Exercise details:
Could you print all the entries exactly?

(Records contained in a dataset)
++++

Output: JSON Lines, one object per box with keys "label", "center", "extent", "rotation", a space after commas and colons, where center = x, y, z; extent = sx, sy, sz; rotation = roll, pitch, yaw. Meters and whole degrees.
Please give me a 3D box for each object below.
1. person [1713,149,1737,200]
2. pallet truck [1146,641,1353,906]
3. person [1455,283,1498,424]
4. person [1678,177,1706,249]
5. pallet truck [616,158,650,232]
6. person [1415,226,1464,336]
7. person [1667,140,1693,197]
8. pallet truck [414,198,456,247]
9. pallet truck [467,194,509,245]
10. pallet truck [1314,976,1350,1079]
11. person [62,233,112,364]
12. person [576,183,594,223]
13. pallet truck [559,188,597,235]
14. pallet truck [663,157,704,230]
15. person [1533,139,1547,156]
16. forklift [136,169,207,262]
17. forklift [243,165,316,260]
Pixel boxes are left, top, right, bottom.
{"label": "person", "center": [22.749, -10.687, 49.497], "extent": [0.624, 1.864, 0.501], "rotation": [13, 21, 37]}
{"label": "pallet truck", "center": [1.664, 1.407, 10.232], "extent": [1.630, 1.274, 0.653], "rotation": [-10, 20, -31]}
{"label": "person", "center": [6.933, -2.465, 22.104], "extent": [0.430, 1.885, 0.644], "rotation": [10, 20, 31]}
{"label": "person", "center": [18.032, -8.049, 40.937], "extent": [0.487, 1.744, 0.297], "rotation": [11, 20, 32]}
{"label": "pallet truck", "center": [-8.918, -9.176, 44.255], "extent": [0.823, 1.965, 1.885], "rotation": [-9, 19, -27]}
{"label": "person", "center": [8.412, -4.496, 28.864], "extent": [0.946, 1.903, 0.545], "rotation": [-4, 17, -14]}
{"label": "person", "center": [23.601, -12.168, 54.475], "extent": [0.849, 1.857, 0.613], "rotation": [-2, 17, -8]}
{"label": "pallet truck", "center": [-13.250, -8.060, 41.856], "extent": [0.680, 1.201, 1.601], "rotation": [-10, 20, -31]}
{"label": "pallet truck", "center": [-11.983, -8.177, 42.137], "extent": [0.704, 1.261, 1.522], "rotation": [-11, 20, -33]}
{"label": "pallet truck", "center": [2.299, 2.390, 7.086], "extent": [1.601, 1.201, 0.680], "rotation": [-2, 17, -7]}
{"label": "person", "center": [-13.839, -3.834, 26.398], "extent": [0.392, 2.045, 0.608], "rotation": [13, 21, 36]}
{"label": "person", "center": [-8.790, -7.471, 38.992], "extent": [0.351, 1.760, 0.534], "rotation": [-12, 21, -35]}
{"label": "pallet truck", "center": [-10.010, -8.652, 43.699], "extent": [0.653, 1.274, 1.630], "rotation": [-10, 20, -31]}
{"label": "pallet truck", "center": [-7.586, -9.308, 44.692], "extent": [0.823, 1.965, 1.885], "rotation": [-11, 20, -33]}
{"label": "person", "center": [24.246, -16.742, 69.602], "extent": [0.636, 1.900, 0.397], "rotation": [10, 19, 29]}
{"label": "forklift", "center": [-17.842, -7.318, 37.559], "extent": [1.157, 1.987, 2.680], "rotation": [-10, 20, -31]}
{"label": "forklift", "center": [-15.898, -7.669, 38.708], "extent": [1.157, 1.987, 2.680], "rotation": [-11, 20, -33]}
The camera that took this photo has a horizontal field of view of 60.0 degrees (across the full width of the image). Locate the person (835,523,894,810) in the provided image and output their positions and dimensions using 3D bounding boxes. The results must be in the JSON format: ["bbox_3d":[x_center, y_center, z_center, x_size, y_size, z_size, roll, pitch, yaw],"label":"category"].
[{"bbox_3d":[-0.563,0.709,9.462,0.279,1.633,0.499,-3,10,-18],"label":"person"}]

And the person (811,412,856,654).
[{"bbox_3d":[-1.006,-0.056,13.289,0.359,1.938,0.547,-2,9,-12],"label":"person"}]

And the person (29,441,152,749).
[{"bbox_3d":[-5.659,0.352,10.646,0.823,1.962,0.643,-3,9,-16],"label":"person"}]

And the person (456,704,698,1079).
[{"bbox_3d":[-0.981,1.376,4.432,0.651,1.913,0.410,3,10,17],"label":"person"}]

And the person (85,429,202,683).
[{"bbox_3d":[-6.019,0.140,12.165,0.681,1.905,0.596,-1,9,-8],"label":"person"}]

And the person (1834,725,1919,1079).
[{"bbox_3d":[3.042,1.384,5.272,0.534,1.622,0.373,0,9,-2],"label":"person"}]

++++

Response box:
Output: JSON Lines, one object per box with keys "label", "center", "extent", "rotation", a space after commas and colons, where center = x, y, z; extent = sx, sy, sz; rotation = roll, pitch, yaw. Meters and whole degrees.
Please give me a 3D box for each object below.
1. person [1713,149,1737,200]
2. pallet truck [1146,641,1353,906]
3. person [1455,283,1498,424]
4. person [1678,177,1706,249]
5. pallet truck [616,158,650,232]
6. person [1415,226,1464,336]
7. person [1667,140,1693,197]
8. pallet truck [414,198,456,247]
9. pallet truck [467,194,509,245]
10. pallet truck [1314,976,1350,1079]
11. person [62,233,112,364]
12. person [576,183,594,223]
13. pallet truck [559,188,597,235]
14. pallet truck [663,157,704,230]
15. person [1533,139,1547,156]
16. forklift [136,169,207,262]
17. forklift [243,165,316,260]
Pixel boxes are left, top, right, bottom.
{"label": "person", "center": [22.749, -10.687, 49.497], "extent": [0.624, 1.864, 0.501], "rotation": [13, 21, 37]}
{"label": "pallet truck", "center": [1.664, 1.407, 10.232], "extent": [1.630, 1.274, 0.653], "rotation": [-10, 20, -31]}
{"label": "person", "center": [6.933, -2.465, 22.104], "extent": [0.430, 1.885, 0.644], "rotation": [10, 20, 31]}
{"label": "person", "center": [18.032, -8.049, 40.937], "extent": [0.487, 1.744, 0.297], "rotation": [11, 20, 32]}
{"label": "pallet truck", "center": [-8.918, -9.176, 44.255], "extent": [0.823, 1.965, 1.885], "rotation": [-9, 19, -27]}
{"label": "person", "center": [8.412, -4.496, 28.864], "extent": [0.946, 1.903, 0.545], "rotation": [-4, 17, -14]}
{"label": "person", "center": [23.601, -12.168, 54.475], "extent": [0.849, 1.857, 0.613], "rotation": [-2, 17, -8]}
{"label": "pallet truck", "center": [-13.250, -8.060, 41.856], "extent": [0.680, 1.201, 1.601], "rotation": [-10, 20, -31]}
{"label": "pallet truck", "center": [-11.983, -8.177, 42.137], "extent": [0.704, 1.261, 1.522], "rotation": [-11, 20, -33]}
{"label": "pallet truck", "center": [2.299, 2.390, 7.086], "extent": [1.601, 1.201, 0.680], "rotation": [-2, 17, -7]}
{"label": "person", "center": [-13.839, -3.834, 26.398], "extent": [0.392, 2.045, 0.608], "rotation": [13, 21, 36]}
{"label": "person", "center": [-8.790, -7.471, 38.992], "extent": [0.351, 1.760, 0.534], "rotation": [-12, 21, -35]}
{"label": "pallet truck", "center": [-10.010, -8.652, 43.699], "extent": [0.653, 1.274, 1.630], "rotation": [-10, 20, -31]}
{"label": "pallet truck", "center": [-7.586, -9.308, 44.692], "extent": [0.823, 1.965, 1.885], "rotation": [-11, 20, -33]}
{"label": "person", "center": [24.246, -16.742, 69.602], "extent": [0.636, 1.900, 0.397], "rotation": [10, 19, 29]}
{"label": "forklift", "center": [-17.842, -7.318, 37.559], "extent": [1.157, 1.987, 2.680], "rotation": [-10, 20, -31]}
{"label": "forklift", "center": [-15.898, -7.669, 38.708], "extent": [1.157, 1.987, 2.680], "rotation": [-11, 20, -33]}
The camera that took this photo has a horizontal field of view of 60.0 degrees (across the full width of the image). Locate the person (835,523,894,810) in the provided image and output their positions and dimensions using 3D bounding boxes. The results must be in the JSON format: ["bbox_3d":[x_center, y_center, z_center, x_size, y_size, z_size, roll, pitch, yaw],"label":"category"].
[{"bbox_3d":[-0.563,0.709,9.462,0.279,1.633,0.499,-3,10,-18],"label":"person"}]

And the person (811,412,856,654).
[{"bbox_3d":[-1.006,-0.056,13.289,0.359,1.938,0.547,-2,9,-12],"label":"person"}]

And the person (29,441,152,749).
[{"bbox_3d":[-5.659,0.352,10.646,0.823,1.962,0.643,-3,9,-16],"label":"person"}]

And the person (456,704,698,1079).
[{"bbox_3d":[-0.981,1.376,4.432,0.651,1.913,0.410,3,10,17],"label":"person"}]

And the person (85,429,202,683).
[{"bbox_3d":[-6.019,0.140,12.165,0.681,1.905,0.596,-1,9,-8],"label":"person"}]

And the person (1834,725,1919,1079).
[{"bbox_3d":[3.042,1.384,5.272,0.534,1.622,0.373,0,9,-2],"label":"person"}]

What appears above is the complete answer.